Q. How happy are you with the reliability of the BMW Sauber C29 after the first test?

Willy Rampf – BMW Sauber’s technical director: “All in all we can be satisfied with the reliability of the car. We completed 1,000 kilometres over the three days without encountering any major problems. Of course, we have to make some adjustments and modifications, but that’s what tests are there for.”

Q. Are these all things that can be rectified ahead of the first race of the season in Bahrain or even before the next test?

WR: “We will have worked through most of the points before the next test in Jerez. There’s nothing that we need to be seriously concerned about. For example, the rear of the engine cover was singed by the exhaust gases, so we’ll be using a different material for that.”

Q. How are things looking in terms of the car’s performance and competitiveness?

WR: “That is even more difficult to assess this year than in previous years. All we can say is that our car is delivering the performance expected based on our simulations and measurements in the wind tunnel. Vastly differing fuel loads make it impossible to draw an absolute comparison with other teams’ cars.”

Q. What are the drivers telling you about the handling of the C29?

WR: “The drivers’ comments have been generally positive regarding factors such as braking stability, traction and the car’s responses under widely varying fuel loads.”

Q. The fuel load of the car – and therefore its weight – will vary hugely in 2010. Has car set-up been a problem?

WR: “I wouldn’t call it a problem, but it’s certainly a challenge. The cars will run a minimal fuel load in qualifying and then line up for the race with a full tank, but changes to set-up will not be allowed. Finding the right compromise here will be absolutely critical.”

Q. What has changed as a result of the slimmer front tyres?

WR: “Generally speaking, their effect is less pronounced than expected.
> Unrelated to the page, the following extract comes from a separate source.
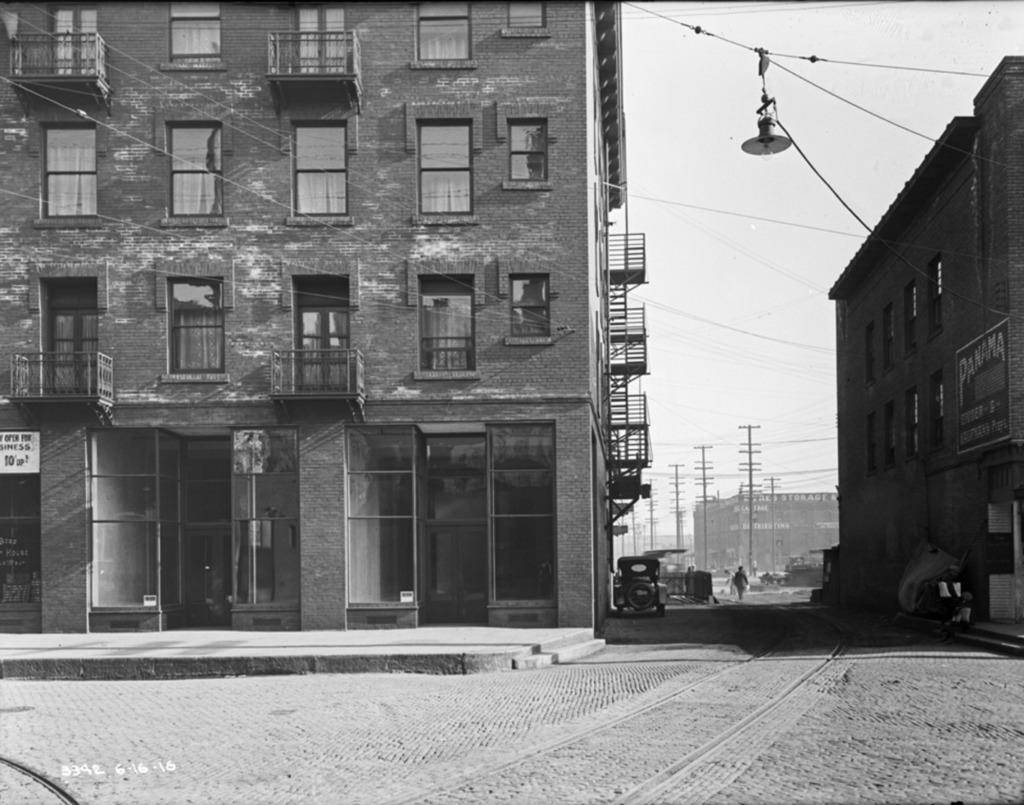What type of structures are visible in the image? There are buildings in the image. What features can be seen on the buildings? The buildings have windows and grills. What else can be seen in the image besides the buildings? There are poles and a lamp hanged on a wire in the image. What type of sweater is being knitted with the yarn in the image? There is no sweater or yarn present in the image; it features buildings with windows and grills, poles, and a lamp on a wire.

It’s clear that the cars have a greater tendency to understeer, which we can balance out to a certain degree by shifting the weight further back and making the necessary changes to the chassis set-up.”

Q. How is the working relationship between the drivers and the team?

WR: “Both drivers are new to the team and so we’re all still getting to know each other. However, the working relationship between the drivers and team has got off to a very good start. With Pedro you can see that his vast well of experience has given him a broad base of technical knowledge, which is extremely valuable for all involved. Kamui gets his impressions across very quickly, which means he can give the engineers the information they need to work out the changes required. All in all, the drivers and engineers are already working together very productively.”